Subido de regreso a casa en el autobús abarrotado tras un
largo día de productivo trabajo, Jesús empezaba a sentir el cansancio. Una
mujer ante él, de aspecto bohemio, lucía medias de cuadros bajo una graciosa
falda colorista. Se sostenía en equilibrio, pese a los vaivenes del autobús,
gracias a la destreza adquirida con la práctica. Aquella mujer, de cabello
pelirrojo rizado que se desplegaba sobre su cabeza de forma bastante rebelde,
contrastaba ante la mirada de los viajeros cuando, al levantarse un viajero
sentado junto a Jesús, se sentó a su lado. Ahí estaban los dos: él, con su
aspecto de ejecutivo de aquellos que aún lucían corbata, mostrando, sin el
menor deseo de aparentar, un traje impoluto; y ella, con su aspecto creativo y
despreocupado.
Escuchaba él música, abstraído en el solo de guitarra de un
maestro del siglo XX, mientras ella diseñaba figuras en su móvil con el lápiz.
Algún viajero se apeaba, pero la marabunta parecía seguir rugiendo en el
autobús porque el flujo de entrada de nuevos viajeros tampoco cesaba. Al ir
llegando al céntrico barrio donde se ubicaba su piso, su residencia, su hogar
en fin, apretó al botón para solicitar parada y se encontró de bruces con el
rostro de aquella vecina de viaje que le había pasado desapercibida.
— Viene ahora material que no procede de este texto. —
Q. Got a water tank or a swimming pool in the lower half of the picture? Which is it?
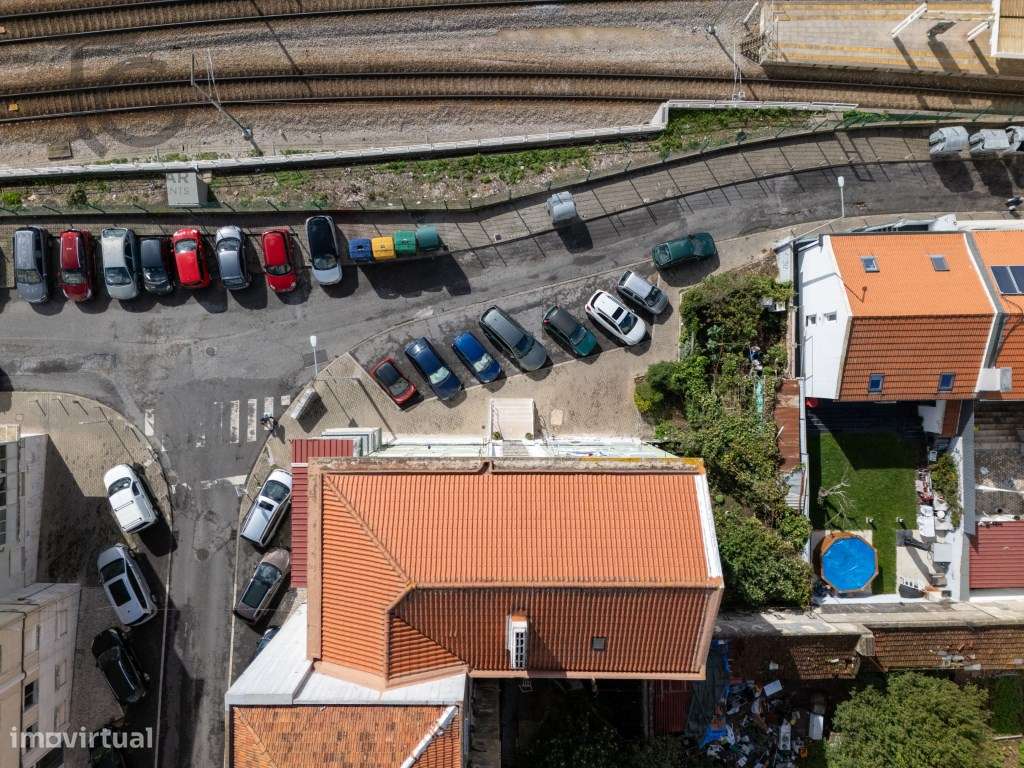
swimming pool
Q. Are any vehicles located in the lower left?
Yes
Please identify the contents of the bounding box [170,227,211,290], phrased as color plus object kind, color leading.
red car
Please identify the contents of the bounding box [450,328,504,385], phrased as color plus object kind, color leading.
blue car
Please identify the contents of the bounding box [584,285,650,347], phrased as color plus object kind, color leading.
white car
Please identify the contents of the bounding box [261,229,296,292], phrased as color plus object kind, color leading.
red car
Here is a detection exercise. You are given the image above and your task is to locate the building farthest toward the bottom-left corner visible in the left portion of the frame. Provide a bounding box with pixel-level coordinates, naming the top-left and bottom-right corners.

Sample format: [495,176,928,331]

[0,586,79,768]
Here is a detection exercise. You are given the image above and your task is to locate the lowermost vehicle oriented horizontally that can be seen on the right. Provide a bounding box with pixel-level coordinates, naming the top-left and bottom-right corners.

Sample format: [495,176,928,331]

[653,228,721,268]
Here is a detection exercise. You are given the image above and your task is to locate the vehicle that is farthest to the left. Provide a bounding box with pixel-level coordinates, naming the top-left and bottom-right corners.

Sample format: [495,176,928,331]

[9,228,51,303]
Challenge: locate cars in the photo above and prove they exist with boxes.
[210,226,250,292]
[584,285,650,347]
[653,228,721,268]
[373,358,417,405]
[479,303,546,373]
[234,544,290,621]
[406,337,463,402]
[91,628,150,705]
[55,232,97,302]
[239,622,285,676]
[261,229,296,292]
[613,263,673,317]
[450,328,504,385]
[307,216,343,286]
[101,462,159,535]
[101,228,139,299]
[542,303,601,359]
[170,227,211,290]
[96,546,156,625]
[138,238,174,296]
[240,467,290,543]
[9,228,51,303]
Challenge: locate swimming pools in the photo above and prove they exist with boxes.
[810,525,881,594]
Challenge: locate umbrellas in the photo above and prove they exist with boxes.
[896,531,939,551]
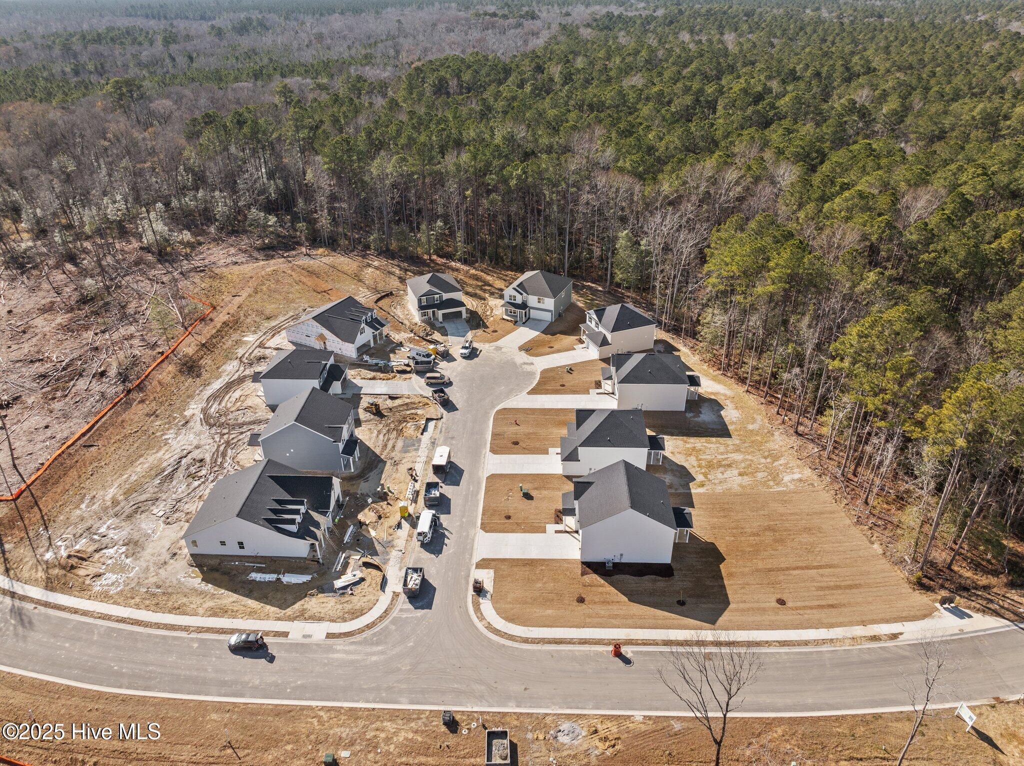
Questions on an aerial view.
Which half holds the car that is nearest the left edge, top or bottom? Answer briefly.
bottom
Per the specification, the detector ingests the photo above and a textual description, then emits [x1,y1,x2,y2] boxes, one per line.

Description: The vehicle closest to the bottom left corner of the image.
[223,633,267,655]
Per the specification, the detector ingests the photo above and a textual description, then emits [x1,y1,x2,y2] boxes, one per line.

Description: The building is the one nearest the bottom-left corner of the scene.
[182,461,345,557]
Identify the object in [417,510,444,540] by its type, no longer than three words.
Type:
vehicle
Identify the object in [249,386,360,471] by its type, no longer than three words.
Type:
house
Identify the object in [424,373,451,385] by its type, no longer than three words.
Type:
vehicle
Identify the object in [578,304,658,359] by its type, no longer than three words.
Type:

Le dio la
sensación de que, quizá, conocía aquel rostro por algún parentesco lejano o,
quizá, por haber coincidido simplemente con ella en alguna ocasional
conversación de mercado relativamente reciente: gustaba de crear tertulia con
el carnicero y su clientela, con su querida verdulera… Pero lo cierto fue que
se apeó y caminó tranquilamente hacia casa cavilando sobre devenires más
inmediatos.
Cuando, por fin, tras cenar y escuchar un rato música clásica
ibérica en su salón, se fue a la habitación, le volvió al pensamiento aquella
mujer que llamaba y llamaba a su recuerdo. Ya en la cama, cerró los ojos y se
hizo la luz: era su prima lejana Margarita, aquel primer amor que, a sus
tempranos once años experimentara en el camping de la costa al que había
acudido la familia con sus felices ramificaciones. Recordó su primer beso, el
impacto, distorsionado por la imaginería de la edad, que provocó en él tomar
conciencia de lo que eran unos pechos que apenas empezaban a despuntar. Y se
sintió feliz de volver a la inocencia a sus cincuenta y dos años.